I just got the MSD injectors in the mail and they have the Rochester Products (RP) logo on the side; which is OEM replacement, right? I know they all get lumped into one company Delphi, Rochester, and Multec and I hope they work for a little while...
ive been reading this entire thread...i think your fueling problem could be a small vacuum leak in your throttlebody gasket...spray some carb cleaner at the base of the throttlebody all the way around it, see if the engine idle drops a little when you do that....
also, this constant business with changing out injectors, changing spark plugs, etc...the issue is elsewhere. have you checked to see if you are getting a constant 12v to your power steering input on the ecm? if not, it will cause a constant rich condition but not set any codes...the power steering switch cuts the 12v only when there is power steering cramp at idle and the ecm richens the fuel mixture to compensate so you can turn yoru steering weheel easier at idle... BUt if the switch is bad, and doesn't allow the 12volts through during normal driving conditions, the ecm will constantly think the power steering is cramped...the computer doesn't always throw a code either when this happens....
also, your reman computer might be for a 91 or later deville/seville, since they have the same part number, but different memcal(chip)... i would take the chip out of your orgiginal stock computer and put it into the new computer....
also, have you considered the fact that maybe you have bad compression on one or more of the cylinders? there is alot of ground you have not covered.. but you keep changing the variables by just changing out parts... you need to go back and start over with the basics...
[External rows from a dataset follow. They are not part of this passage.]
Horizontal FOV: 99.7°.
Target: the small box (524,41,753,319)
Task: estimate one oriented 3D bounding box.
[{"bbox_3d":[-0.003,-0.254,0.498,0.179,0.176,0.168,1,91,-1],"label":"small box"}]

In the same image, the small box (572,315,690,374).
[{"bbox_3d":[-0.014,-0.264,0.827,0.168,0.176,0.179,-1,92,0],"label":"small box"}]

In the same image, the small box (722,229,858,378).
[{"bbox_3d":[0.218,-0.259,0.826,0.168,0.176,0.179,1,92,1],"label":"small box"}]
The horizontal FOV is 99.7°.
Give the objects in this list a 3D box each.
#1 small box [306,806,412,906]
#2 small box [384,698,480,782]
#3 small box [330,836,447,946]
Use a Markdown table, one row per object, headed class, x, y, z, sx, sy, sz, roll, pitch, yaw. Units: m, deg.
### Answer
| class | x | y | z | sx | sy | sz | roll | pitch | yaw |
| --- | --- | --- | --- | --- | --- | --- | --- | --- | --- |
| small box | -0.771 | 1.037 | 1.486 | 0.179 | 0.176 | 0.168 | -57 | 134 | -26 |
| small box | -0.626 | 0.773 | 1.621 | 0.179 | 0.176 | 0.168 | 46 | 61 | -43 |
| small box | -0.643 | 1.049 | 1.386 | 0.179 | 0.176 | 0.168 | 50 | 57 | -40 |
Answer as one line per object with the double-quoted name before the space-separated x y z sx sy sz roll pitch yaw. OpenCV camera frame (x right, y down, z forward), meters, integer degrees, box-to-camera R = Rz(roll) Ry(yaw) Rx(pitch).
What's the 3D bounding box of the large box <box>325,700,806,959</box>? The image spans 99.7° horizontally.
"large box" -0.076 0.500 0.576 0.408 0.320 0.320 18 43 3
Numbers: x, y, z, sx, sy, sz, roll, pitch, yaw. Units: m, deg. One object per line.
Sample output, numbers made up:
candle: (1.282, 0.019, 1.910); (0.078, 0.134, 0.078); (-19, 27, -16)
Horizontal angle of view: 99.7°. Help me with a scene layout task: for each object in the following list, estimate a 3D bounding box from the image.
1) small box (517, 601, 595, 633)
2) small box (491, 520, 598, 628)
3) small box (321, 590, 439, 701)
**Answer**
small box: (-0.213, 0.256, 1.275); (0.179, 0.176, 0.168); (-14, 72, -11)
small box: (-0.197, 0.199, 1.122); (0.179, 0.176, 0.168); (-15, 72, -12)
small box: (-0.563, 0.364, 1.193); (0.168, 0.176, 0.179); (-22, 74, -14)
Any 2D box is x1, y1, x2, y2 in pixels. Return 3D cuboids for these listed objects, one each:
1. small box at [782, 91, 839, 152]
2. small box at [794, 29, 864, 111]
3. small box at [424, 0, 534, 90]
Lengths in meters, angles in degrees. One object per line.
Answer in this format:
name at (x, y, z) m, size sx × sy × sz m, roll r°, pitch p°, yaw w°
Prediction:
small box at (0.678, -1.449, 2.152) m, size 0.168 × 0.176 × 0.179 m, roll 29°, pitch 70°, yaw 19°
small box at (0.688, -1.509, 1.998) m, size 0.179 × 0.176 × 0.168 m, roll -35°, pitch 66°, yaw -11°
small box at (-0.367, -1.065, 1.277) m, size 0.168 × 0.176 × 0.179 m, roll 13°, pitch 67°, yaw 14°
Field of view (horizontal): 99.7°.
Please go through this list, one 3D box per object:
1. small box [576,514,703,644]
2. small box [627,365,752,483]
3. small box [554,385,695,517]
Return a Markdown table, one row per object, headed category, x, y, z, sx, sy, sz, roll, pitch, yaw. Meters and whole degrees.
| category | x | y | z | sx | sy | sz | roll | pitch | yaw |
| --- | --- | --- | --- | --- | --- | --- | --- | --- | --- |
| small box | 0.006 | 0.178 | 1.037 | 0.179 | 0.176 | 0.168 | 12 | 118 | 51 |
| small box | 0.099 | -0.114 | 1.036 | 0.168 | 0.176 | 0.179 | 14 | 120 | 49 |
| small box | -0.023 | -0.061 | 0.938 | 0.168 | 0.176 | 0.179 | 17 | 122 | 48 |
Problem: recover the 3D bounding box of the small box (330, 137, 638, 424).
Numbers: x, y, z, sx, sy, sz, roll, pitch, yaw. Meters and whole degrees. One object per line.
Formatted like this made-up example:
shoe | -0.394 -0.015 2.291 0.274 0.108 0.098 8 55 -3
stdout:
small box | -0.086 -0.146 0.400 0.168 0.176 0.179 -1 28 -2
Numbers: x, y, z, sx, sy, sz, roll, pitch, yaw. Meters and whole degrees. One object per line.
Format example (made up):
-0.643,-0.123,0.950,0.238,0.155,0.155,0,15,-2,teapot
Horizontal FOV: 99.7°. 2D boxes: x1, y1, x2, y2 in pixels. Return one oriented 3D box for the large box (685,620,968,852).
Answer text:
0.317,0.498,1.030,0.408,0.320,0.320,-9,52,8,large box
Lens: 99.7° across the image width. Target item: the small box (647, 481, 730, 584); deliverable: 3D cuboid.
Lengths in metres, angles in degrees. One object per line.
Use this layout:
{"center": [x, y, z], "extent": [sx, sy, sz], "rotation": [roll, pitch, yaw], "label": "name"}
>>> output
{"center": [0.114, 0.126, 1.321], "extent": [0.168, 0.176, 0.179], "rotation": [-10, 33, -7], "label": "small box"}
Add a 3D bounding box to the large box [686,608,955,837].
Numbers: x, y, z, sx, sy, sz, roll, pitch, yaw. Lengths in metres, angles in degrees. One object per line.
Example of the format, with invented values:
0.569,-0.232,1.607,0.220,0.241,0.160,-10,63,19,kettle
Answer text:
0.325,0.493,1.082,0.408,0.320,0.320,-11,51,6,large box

Automobile(s): 58 Coupe Deville, 77 Coupe deville, 90 Deville
Re: Spark Plugs: What do YOU run?
Well I'm going to jump in here, I have had these problems with my 90 Deville. Stumble, running rich, stalling etc. Someone informed me after the fact that the 4.5 uses 16# injectors not 19# mentioned here. The 19# injectors just aggravate your problems. In addition I had installed a new Bosch O2 sensor which was operating but not correctly, this also aggravated the problems. After changing the plugs 4 times and changing pretty much the intire ignition system and all of the injectors (new 19# aftermarket) I put new OEM AC plugs and O2 sensor the old original injectors and the car runs like it should. I also had the instrument cluster and speedometer fail just after this work, battery goes dead and the car blows fuse #7 repeatedly, natuarally this being a Cadillac this was caused by the AC compressor clutch coil failure. Old school logic just does not work, you will be chasing your own tail on these cars. Try OEM parts or the old stuff you removed and see what happens, it worked for me.